Jets wide receiver Allen Lazard celebrates scoring on a Hail...

Jets wide receiver Allen Lazard celebrates scoring on a Hail Mary pass with guard John Simpson against the Buffalo Bills at MetLife Stadium on Monday. Credit: Ed Murray

Of all the things that had to change for the Jets since they last took the field, all the decisions and role adjustments and new responsibilities that were meted out, the most important one was this: Aaron Rodgers needed to get back to playing like Aaron Rodgers.

And at the end of the first half Monday night, he sure seemed to be doing that with a play no one in the league makes as regularly as he does.

With eight seconds left, Rodgers took a shotgun snap, shuffled around the pocket and launched a deep desperation pass into the end zone that Allen Lazard somehow managed to leap up for, catch and bring to the ground despite having three Buffalo defenders draped on him. The 52-yard touchdown as time expired sent the Jets and their fans at MetLife Stadium into a tizzy.

Hail Rodgers, indeed.

But the euphoria didn’t last. The Jets didn’t reach the end zone again in a 23-20 loss to the Bills that ultimately was defined by the obnoxious glut of penalties against both teams, three combined missed field-goal attempts and a blocked extra point, and a late fourth-quarter interception thrown by Rodgers.

The biggest mystery wasn’t how Rodgers makes Hail Mary plays look so effortless, but why these Jets were unable to seize any prolonged spark from this one.

“Those are the moments when you want to grab that momentum and just run with it,” interim head coach Jeff Ulbrich said. “We are fortunate that we have the best Hail Mary thrower in the history of this game. He made somebody pay again. When you catch those waves of momentum, you have to ride it and you have to finish a team, which we didn’t do.”

As Garrett Wilson noted: “It was lit. Then we came in for halftime. I wish we could have just kept playing after that. But then we wouldn’t have thrown a Hail Mary, you know?”

Yeah. We know.

It was the fourth time in his storied career that Rodgers completed such a pass, chucking it up as time expired either to end the half or regulation. Since Rodgers became a full-time starter in 2008, no other quarterback has had more than two.

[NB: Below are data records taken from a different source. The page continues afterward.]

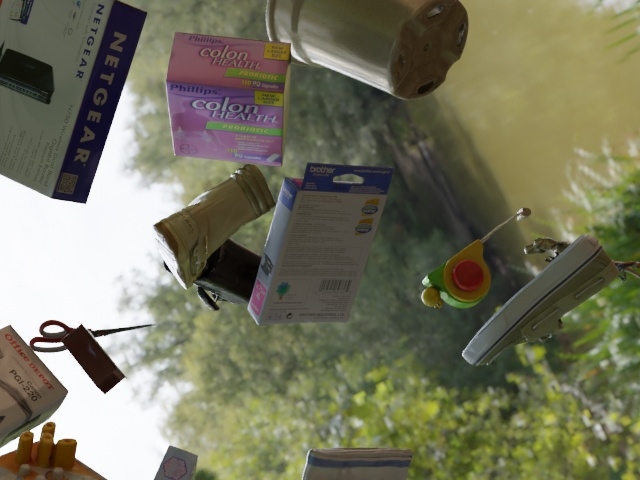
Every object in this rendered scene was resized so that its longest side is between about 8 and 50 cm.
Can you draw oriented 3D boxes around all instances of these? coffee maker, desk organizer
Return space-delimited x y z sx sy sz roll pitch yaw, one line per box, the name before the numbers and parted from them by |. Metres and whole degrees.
coffee maker | -0.174 0.041 2.090 0.178 0.171 0.120 33 -140 -58
desk organizer | -0.415 0.216 2.075 0.130 0.050 0.047 44 169 30

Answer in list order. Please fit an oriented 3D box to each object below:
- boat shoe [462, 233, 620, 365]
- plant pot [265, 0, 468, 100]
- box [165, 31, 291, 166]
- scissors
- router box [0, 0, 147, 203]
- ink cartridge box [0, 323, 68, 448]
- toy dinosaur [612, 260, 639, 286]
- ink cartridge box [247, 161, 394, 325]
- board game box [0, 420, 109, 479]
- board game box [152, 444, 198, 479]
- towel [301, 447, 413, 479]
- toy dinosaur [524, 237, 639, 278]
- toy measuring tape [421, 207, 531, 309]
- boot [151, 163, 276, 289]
boat shoe | 0.369 0.119 1.912 0.094 0.302 0.109 47 -165 6
plant pot | 0.114 -0.443 2.278 0.305 0.334 0.334 37 168 34
box | -0.167 -0.259 2.118 0.243 0.213 0.117 96 180 -60
scissors | -0.552 0.231 2.748 0.109 0.297 0.021 -64 37 34
router box | -0.464 -0.266 1.889 0.301 0.335 0.082 22 -173 33
ink cartridge box | -0.530 0.246 1.784 0.158 0.092 0.218 47 -149 9
toy dinosaur | 0.556 0.048 2.130 0.090 0.082 0.047 59 174 2
ink cartridge box | 0.000 0.000 1.959 0.065 0.186 0.311 48 128 47
board game box | -0.333 0.359 1.301 0.390 0.050 0.390 25 -158 30
board game box | -0.334 0.602 2.219 0.318 0.066 0.318 106 -174 -57
towel | 0.046 0.481 1.904 0.034 0.209 0.285 20 101 58
toy dinosaur | 0.535 0.048 2.329 0.118 0.268 0.064 -30 -45 -54
toy measuring tape | 0.360 0.056 2.494 0.121 0.330 0.121 47 159 24
boot | -0.172 -0.025 1.877 0.095 0.203 0.262 51 168 12

He said he put this one just where he wanted to and “credited” Buffalo’s decision to rush only two at him for allowing him the time to scramble and let the play develop before he launched his throw.

It has become such a magical staple of Rodgers’ toolbox that just before the play, the ESPN broadcast showed a montage of his previous successful passes under those circumstances. All of them, obviously, were in a Packers uniform.

Then the cameras came back to the live action ... and he did it again.

This was his first time doing it as a Jet, which made the prayerful play all the more miraculous yet all the more doomed. This is a team that last November, at the end of a half against the Dolphins with Tim Boyle throwing into the very same end zone Rodgers aimed for, had a desperation heave intercepted and returned 99 yards for a touchdown against them. Rodgers’ pass seemed to exorcise that play, at least.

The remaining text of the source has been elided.